[EXTRACTED DATA]:
________

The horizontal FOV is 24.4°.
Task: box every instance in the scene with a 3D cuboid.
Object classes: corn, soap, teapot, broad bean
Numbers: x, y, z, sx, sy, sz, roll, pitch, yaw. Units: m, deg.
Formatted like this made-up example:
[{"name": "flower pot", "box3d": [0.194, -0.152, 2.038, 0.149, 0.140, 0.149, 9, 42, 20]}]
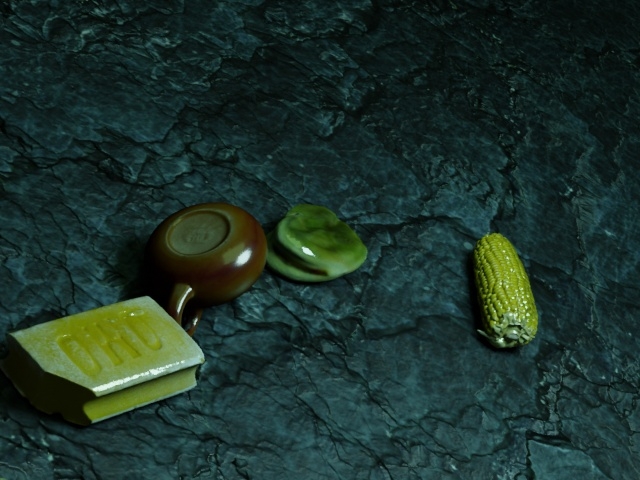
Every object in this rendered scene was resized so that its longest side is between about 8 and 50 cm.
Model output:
[{"name": "corn", "box3d": [0.298, 0.079, 2.428, 0.091, 0.091, 0.260, 19, 31, -17]}, {"name": "soap", "box3d": [-0.280, 0.156, 1.917, 0.232, 0.073, 0.140, -15, 47, -45]}, {"name": "teapot", "box3d": [-0.164, 0.049, 2.120, 0.178, 0.135, 0.252, 1, 46, 22]}, {"name": "broad bean", "box3d": [-0.002, 0.002, 2.337, 0.153, 0.072, 0.206, 47, 36, 19]}]

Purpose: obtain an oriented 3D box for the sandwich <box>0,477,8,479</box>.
[{"name": "sandwich", "box3d": [-0.397, 0.335, 1.564, 0.273, 0.095, 0.249, 34, 36, 10]}]

________

For this exercise, find all lines in the records containing the word "scene" and copy them.

Task: box every instance in the scene with a 3D cuboid.
Every object in this rendered scene was resized so that its longest side is between about 8 and 50 cm.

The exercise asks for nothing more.